Not sure whether that is related but about a month ago I started using Watchtower to update both these images and I think these error messages appeared only afterwards. Is it possible that the watchtower scans somehow disrupts the nextcloud environment? Another option is that it only started after upgrading to NC v24.

infecticide · November 13, 2022, 7:42pm

I’m having the same issue here, a query gets stuck on oc_filecache or oc_jobs.

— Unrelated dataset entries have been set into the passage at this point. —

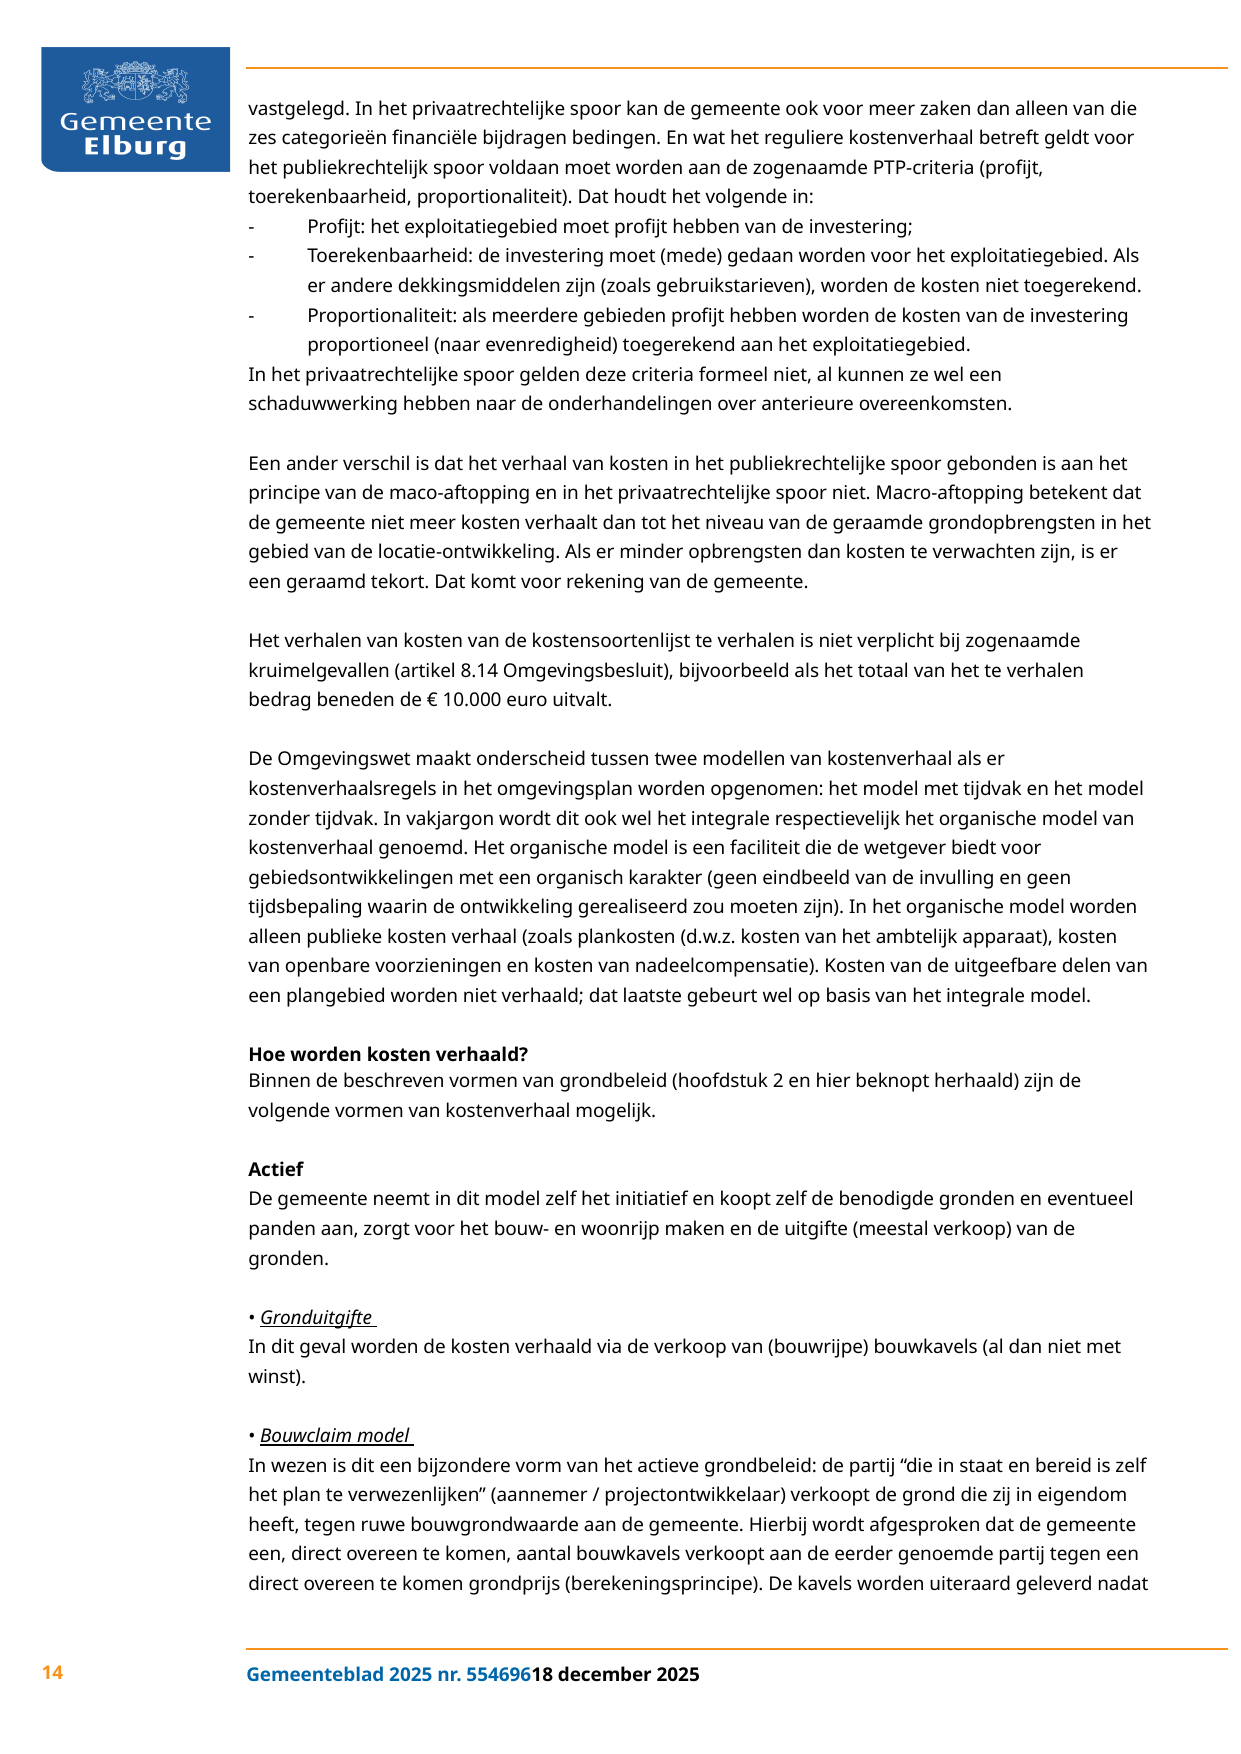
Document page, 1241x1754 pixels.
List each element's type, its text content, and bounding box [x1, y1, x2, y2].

text In het privaatrechtelijke spoor gelden deze criteria formeel niet, al kunnen ze wel een schaduwwerking hebben naar de onderhandelingen over anterieure overeenkomsten. [248, 361, 1152, 416]
text Een ander verschil is dat het verhaal van kosten in het publiekrechtelijke spoor gebonden is aan het principe van de maco-aftopping en in het privaatrechtelijke spoor niet. Macro-aftopping betekent dat de gemeente niet meer kosten verhaalt dan tot het niveau van de geraamde grondopbrengsten in het gebied van de locatie-ontwikkeling. Als er minder opbrengsten dan kosten te verwachten zijn, is er een geraamd tekort. Dat komt voor rekening van de gemeente. [248, 450, 1152, 594]
text • Bouwclaim model [248, 1422, 1152, 1448]
text Binnen de beschreven vormen van grondbeleid (hoofdstuk 2 en hier beknopt herhaald) zijn de volgende vormen van kostenverhaal mogelijk. [248, 1067, 1152, 1122]
text De Omgevingswet maakt onderscheid tussen twee modellen van kostenverhaal als er kostenverhaalsregels in het omgevingsplan worden opgenomen: het model met tijdvak en het model zonder tijdvak. In vakjargon wordt dit ook wel het integrale respectievelijk het organische model van kostenverhaal genoemd. Het organische model is een faciliteit die de wetgever biedt voor gebiedsontwikkelingen met een organisch karakter (geen eindbeeld van de invulling en geen tijdsbepaling waarin de ontwikkeling gerealiseerd zou moeten zijn). In het organische model worden alleen publieke kosten verhaal (zoals plankosten (d.w.z. kosten van het ambtelijk apparaat), kosten van openbare voorzieningen en kosten van nadeelcompensatie). Kosten van de uitgeefbare delen van een plangebied worden niet verhaald; dat laatste gebeurt wel op basis van het integrale model. [248, 746, 1152, 1008]
text • Gronduitgifte [248, 1304, 1152, 1329]
text In wezen is dit een bijzondere vorm van het actieve grondbeleid: de partij “die in staat en bereid is zelf het plan te verwezenlijken” (aannemer / projectontwikkelaar) verkoopt de grond die zij in eigendom heeft, tegen ruwe bouwgrondwaarde aan de gemeente. Hierbij wordt afgesproken dat de gemeente een, direct overeen te komen, aantal bouwkavels verkoopt aan de eerder genoemde partij tegen een direct overeen te komen grondprijs (berekeningsprincipe). De kavels worden uiteraard geleverd nadat [248, 1452, 1152, 1596]
text In dit geval worden de kosten verhaald via de verkoop van (bouwrijpe) bouwkavels (al dan niet met winst). [248, 1333, 1152, 1389]
list Toerekenbaarheid: de investering moet (mede) gedaan worden voor het exploitatiegebied. Als er andere dekkingsmiddelen zijn (zoals gebruikstarieven), worden de kosten niet toegerekend. [248, 243, 1152, 298]
text Hoe worden kosten verhaald? [248, 1041, 1152, 1067]
picture [41, 47, 231, 172]
text De gemeente neemt in dit model zelf het initiatief en koopt zelf de benodigde gronden en eventueel panden aan, zorgt voor het bouw- en woonrijp maken en de uitgifte (meestal verkoop) van de gronden. [248, 1186, 1152, 1270]
text Het verhalen van kosten van de kostensoortenlijst te verhalen is niet verplicht bij zogenaamde kruimelgevallen (artikel 8.14 Omgevingsbesluit), bijvoorbeeld als het totaal van het te verhalen bedrag beneden de € 10.000 euro uitvalt. [248, 627, 1152, 712]
text vastgelegd. In het privaatrechtelijke spoor kan de gemeente ook voor meer zaken dan alleen van die zes categorieën financiële bijdragen bedingen. En wat het reguliere kostenverhaal betreft geldt voor het publiekrechtelijk spoor voldaan moet worden aan de zogenaamde PTP-criteria (profijt, toerekenbaarheid, proportionaliteit). Dat houdt het volgende in: [248, 95, 1152, 209]
list Proportionaliteit: als meerdere gebieden profijt hebben worden de kosten van de investering proportioneel (naar evenredigheid) toegerekend aan het exploitatiegebied. [248, 302, 1152, 357]
list Profijt: het exploitatiegebied moet profijt hebben van de investering; [248, 213, 1152, 239]
text Actief [248, 1156, 1152, 1182]
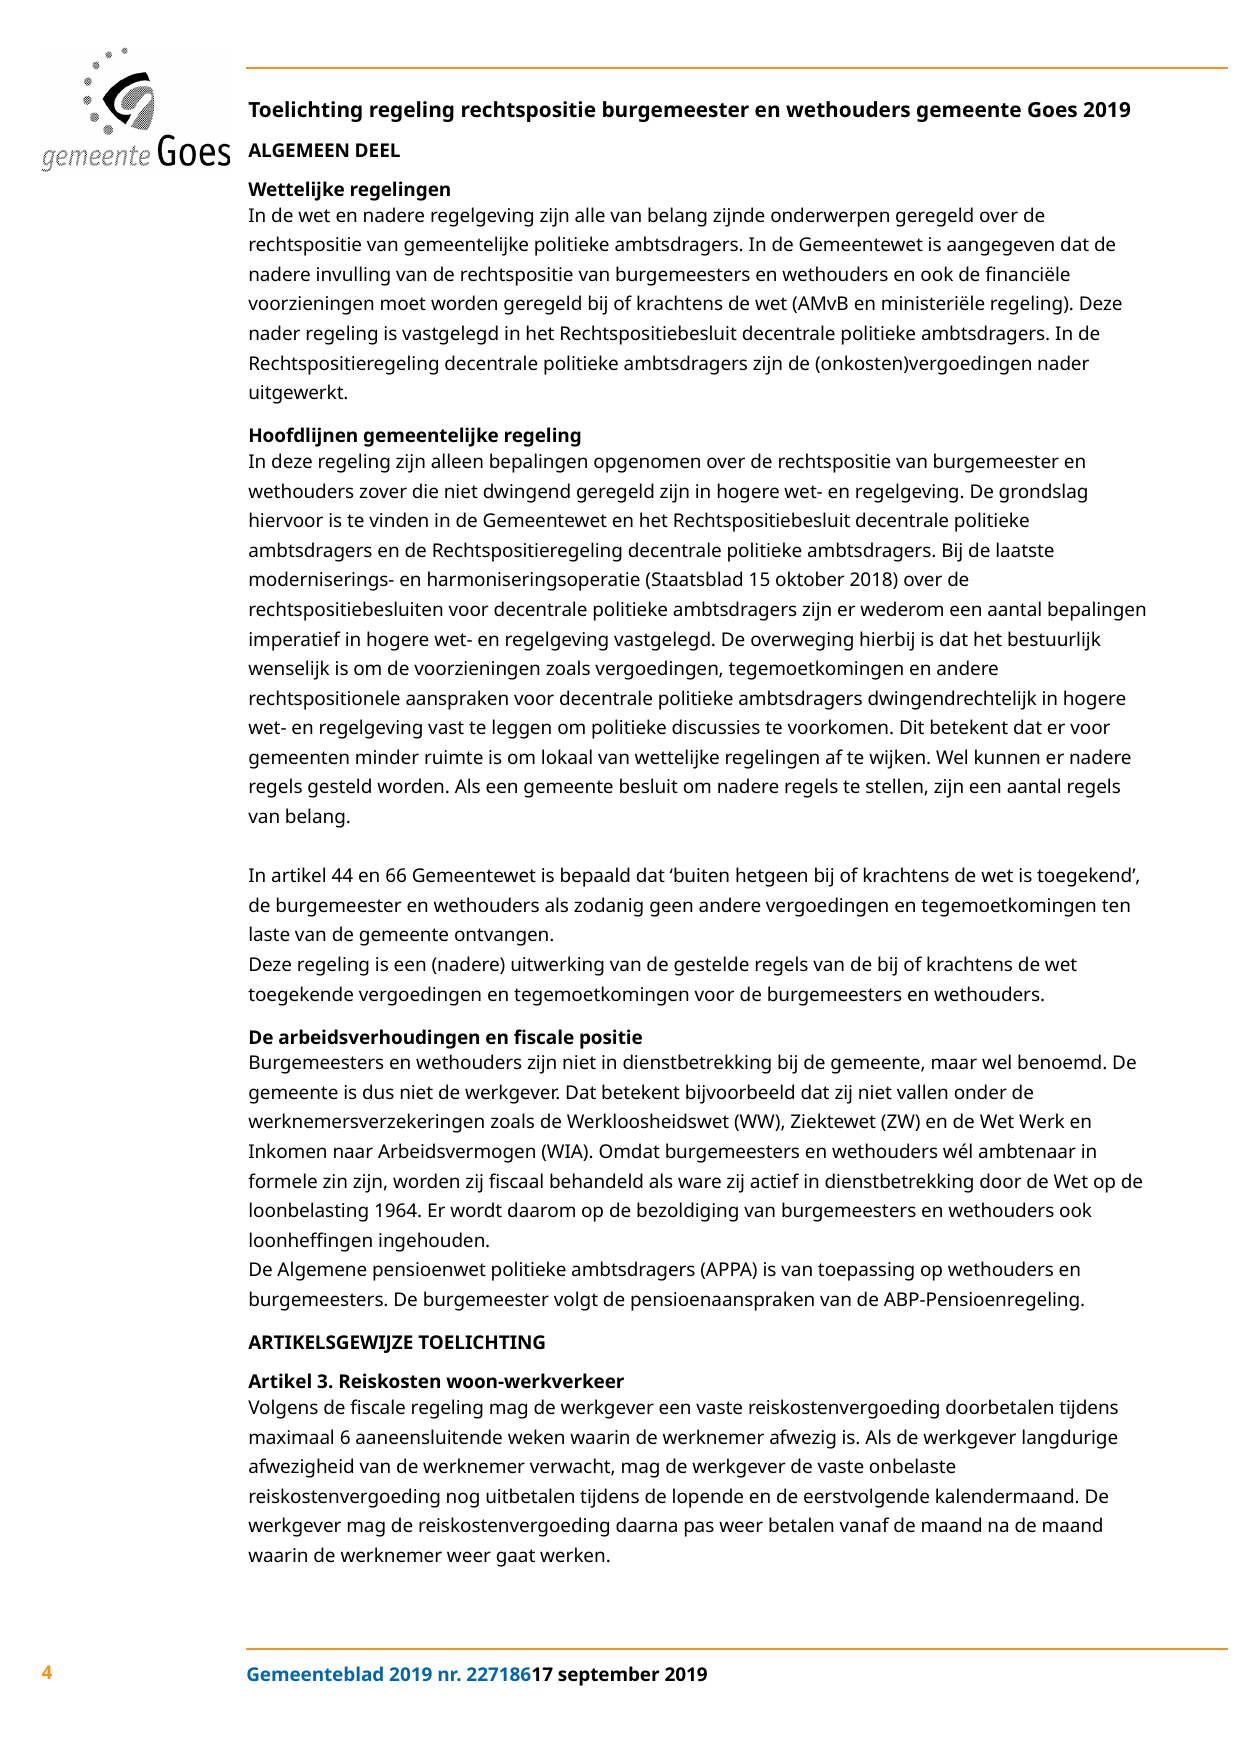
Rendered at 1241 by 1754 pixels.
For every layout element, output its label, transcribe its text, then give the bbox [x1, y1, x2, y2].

text ARTIKELSGEWIJZE TOELICHTING [248, 1329, 1152, 1355]
text In de wet en nadere regelgeving zijn alle van belang zijnde onderwerpen geregeld over de rechtspositie van gemeentelijke politieke ambtsdragers. In de Gemeentewet is aangegeven dat de nadere invulling van de rechtspositie van burgemeesters en wethouders en ook de financiële voorzieningen moet worden geregeld bij of krachtens de wet (AMvB en ministeriële regeling). Deze nader regeling is vastgelegd in het Rechtspositiebesluit decentrale politieke ambtsdragers. In de Rechtspositieregeling decentrale politieke ambtsdragers zijn de (onkosten)vergoedingen nader uitgewerkt. [248, 202, 1152, 405]
picture [41, 47, 231, 172]
text Volgens de fiscale regeling mag de werkgever een vaste reiskostenvergoeding doorbetalen tijdens maximaal 6 aaneensluitende weken waarin de werknemer afwezig is. Als de werkgever langdurige afwezigheid van de werknemer verwacht, mag de werkgever de vaste onbelaste reiskostenvergoeding nog uitbetalen tijdens de lopende en de eerstvolgende kalendermaand. De werkgever mag de reiskostenvergoeding daarna pas weer betalen vanaf de maand na de maand waarin de werknemer weer gaat werken. [248, 1394, 1152, 1568]
text ALGEMEEN DEEL [248, 137, 1152, 163]
text Toelichting regeling rechtspositie burgemeester en wethouders gemeente Goes 2019 [248, 95, 1152, 123]
text De Algemene pensioenwet politieke ambtsdragers (APPA) is van toepassing op wethouders en burgemeesters. De burgemeester volgt de pensioenaanspraken van de ABP-Pensioenregeling. [248, 1257, 1152, 1312]
text De arbeidsverhoudingen en fiscale positie [248, 1024, 1152, 1049]
text In artikel 44 en 66 Gemeentewet is bepaald dat ‘buiten hetgeen bij of krachtens de wet is toegekend’, de burgemeester en wethouders als zodanig geen andere vergoedingen en tegemoetkomingen ten laste van de gemeente ontvangen. [248, 862, 1152, 947]
text Hoofdlijnen gemeentelijke regeling [248, 422, 1152, 448]
text In deze regeling zijn alleen bepalingen opgenomen over de rechtspositie van burgemeester en wethouders zover die niet dwingend geregeld zijn in hogere wet- en regelgeving. De grondslag hiervoor is te vinden in de Gemeentewet en het Rechtspositiebesluit decentrale politieke ambtsdragers en de Rechtspositieregeling decentrale politieke ambtsdragers. Bij de laatste moderniserings- en harmoniseringsoperatie (Staatsblad 15 oktober 2018) over de rechtspositiebesluiten voor decentrale politieke ambtsdragers zijn er wederom een aantal bepalingen imperatief in hogere wet- en regelgeving vastgelegd. De overweging hierbij is dat het bestuurlijk wenselijk is om de voorzieningen zoals vergoedingen, tegemoetkomingen en andere rechtspositionele aanspraken voor decentrale politieke ambtsdragers dwingendrechtelijk in hogere wet- en regelgeving vast te leggen om politieke discussies te voorkomen. Dit betekent dat er voor gemeenten minder ruimte is om lokaal van wettelijke regelingen af te wijken. Wel kunnen er nadere regels gesteld worden. Als een gemeente besluit om nadere regels te stellen, zijn een aantal regels van belang. [248, 448, 1152, 829]
text Wettelijke regelingen [248, 176, 1152, 202]
text Deze regeling is een (nadere) uitwerking van de gestelde regels van de bij of krachtens de wet toegekende vergoedingen en tegemoetkomingen voor de burgemeesters en wethouders. [248, 951, 1152, 1006]
text Artikel 3. Reiskosten woon-werkverkeer [248, 1369, 1152, 1394]
text Burgemeesters en wethouders zijn niet in dienstbetrekking bij de gemeente, maar wel benoemd. De gemeente is dus niet de werkgever. Dat betekent bijvoorbeeld dat zij niet vallen onder de werknemersverzekeringen zoals de Werkloosheidswet (WW), Ziektewet (ZW) en de Wet Werk en Inkomen naar Arbeidsvermogen (WIA). Omdat burgemeesters en wethouders wél ambtenaar in formele zin zijn, worden zij fiscaal behandeld als ware zij actief in dienstbetrekking door de Wet op de loonbelasting 1964. Er wordt daarom op de bezoldiging van burgemeesters en wethouders ook loonheffingen ingehouden. [248, 1049, 1152, 1253]

This most recent lockup shows the following in SHOW PROCESSLIST;

Id User Host db Command Time State Info Progress
44446 nextcloud_user localhost nextcloud Query 1747 Update INSERT INTO oc_filecache (mimepart, mimetype, mtime, size, etag, storage_m time, `permi 0.000

Full Query is:

—TRANSACTION 952900, ACTIVE 5700 sec inserting
mysql tables in use 1, locked 1
1 lock struct(s), heap size 1128, 0 row lock(s), undo log entries 1
MariaDB thread id 44446, OS thread handle 139644487255616, query id 274803 localhost nextcloud Update
INSERT INTO oc_filecache (mimepart, mimetype, mtime, size, etag, storage_mtime, permissions, name, parent, checksum, path_hash, path, storage) VALUES(‘1’, ‘2’, ‘1668366450’, ‘-1’, ‘637140729cd4c’, ‘1668366450’, ‘31’, ‘5’, ‘100858’, ‘’, ‘e3beec3a110151336b4946242594c106’, ‘appdata_ocg64ev6513q/preview/d/8/b/5’, ‘1’)

This happens every couple of days. Haven’t been able to find a cause yet.